**Data section:**

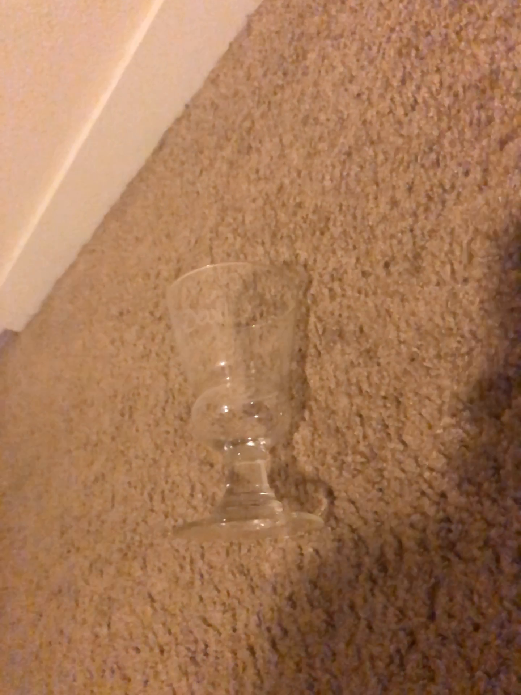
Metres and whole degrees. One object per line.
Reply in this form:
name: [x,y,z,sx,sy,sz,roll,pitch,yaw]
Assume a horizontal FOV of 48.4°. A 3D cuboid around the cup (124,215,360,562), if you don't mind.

**Task to carry out:**
Give back the full listing word for word, with the pictures left out.

**Written response:**
Metres and whole degrees. One object per line.
Reply in this form:
name: [x,y,z,sx,sy,sz,roll,pitch,yaw]
Assume a horizontal FOV of 48.4°. A 3D cuboid around the cup (124,215,360,562), if you don't mind.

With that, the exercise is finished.